■ **Records from a data collection**:
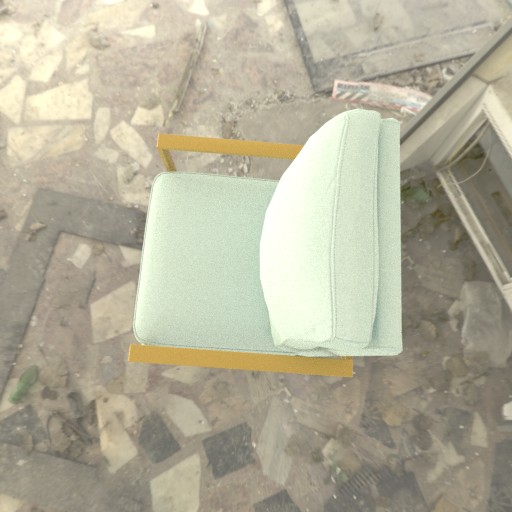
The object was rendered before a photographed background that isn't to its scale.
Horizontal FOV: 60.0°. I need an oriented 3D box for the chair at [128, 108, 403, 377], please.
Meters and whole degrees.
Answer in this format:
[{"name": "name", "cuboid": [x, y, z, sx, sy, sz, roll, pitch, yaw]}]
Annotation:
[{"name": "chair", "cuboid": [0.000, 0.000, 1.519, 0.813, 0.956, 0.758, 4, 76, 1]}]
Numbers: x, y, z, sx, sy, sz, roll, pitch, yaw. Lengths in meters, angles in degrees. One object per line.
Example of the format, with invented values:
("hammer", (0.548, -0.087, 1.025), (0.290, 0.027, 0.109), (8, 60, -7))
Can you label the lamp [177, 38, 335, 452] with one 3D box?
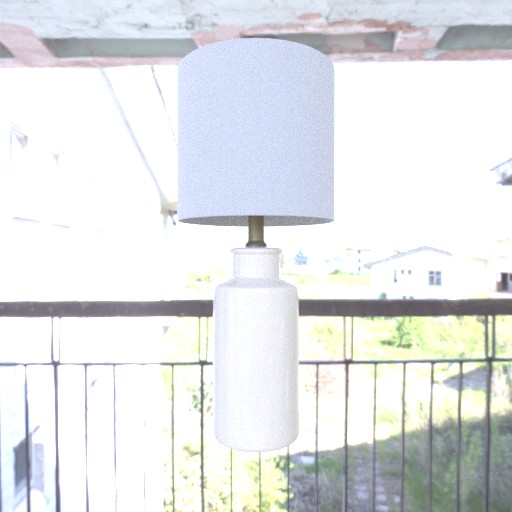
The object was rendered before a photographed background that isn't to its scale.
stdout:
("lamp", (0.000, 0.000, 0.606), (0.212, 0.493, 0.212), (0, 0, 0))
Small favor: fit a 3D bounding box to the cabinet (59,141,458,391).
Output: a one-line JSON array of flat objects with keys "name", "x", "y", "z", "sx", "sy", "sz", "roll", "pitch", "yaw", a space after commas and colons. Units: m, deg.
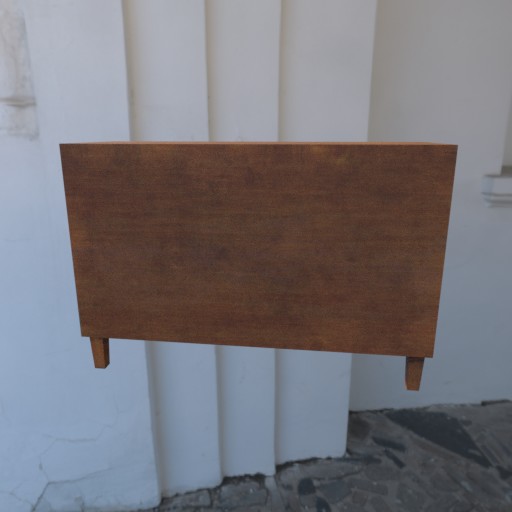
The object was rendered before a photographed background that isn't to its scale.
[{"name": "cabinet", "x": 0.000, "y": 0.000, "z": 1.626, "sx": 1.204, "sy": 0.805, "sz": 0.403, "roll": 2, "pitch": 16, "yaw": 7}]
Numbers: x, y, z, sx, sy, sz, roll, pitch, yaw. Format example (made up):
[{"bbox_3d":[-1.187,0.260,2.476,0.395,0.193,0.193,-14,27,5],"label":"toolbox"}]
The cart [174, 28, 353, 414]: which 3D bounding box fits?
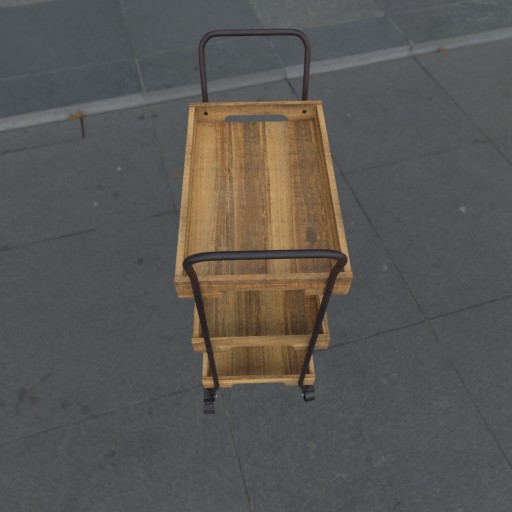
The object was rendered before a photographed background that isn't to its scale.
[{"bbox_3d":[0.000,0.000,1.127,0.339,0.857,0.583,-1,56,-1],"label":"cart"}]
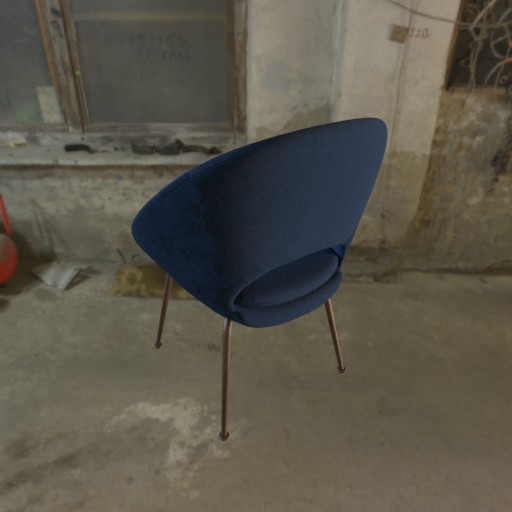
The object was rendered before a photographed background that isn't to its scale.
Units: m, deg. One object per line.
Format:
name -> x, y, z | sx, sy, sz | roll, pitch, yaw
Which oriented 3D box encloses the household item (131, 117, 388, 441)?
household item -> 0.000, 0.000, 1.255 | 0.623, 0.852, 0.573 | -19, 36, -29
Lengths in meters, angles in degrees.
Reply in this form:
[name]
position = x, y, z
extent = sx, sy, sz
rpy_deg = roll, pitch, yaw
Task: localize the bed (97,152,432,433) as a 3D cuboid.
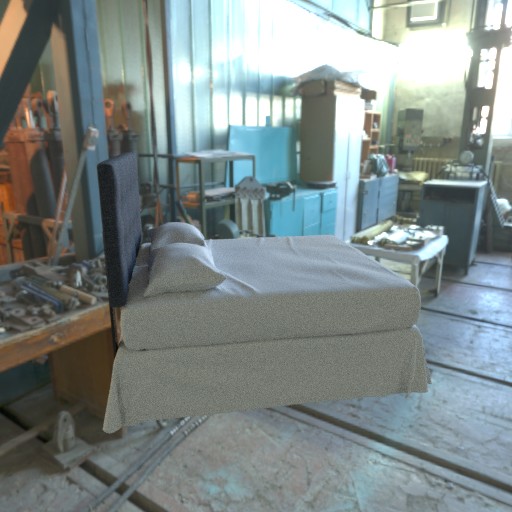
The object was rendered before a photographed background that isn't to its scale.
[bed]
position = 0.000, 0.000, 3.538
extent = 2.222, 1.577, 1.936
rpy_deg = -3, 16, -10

■ **Assigned task**: Looking at the records above, how many lines contain "Numbers"? Answer with the number alone.

■ **Response**: 2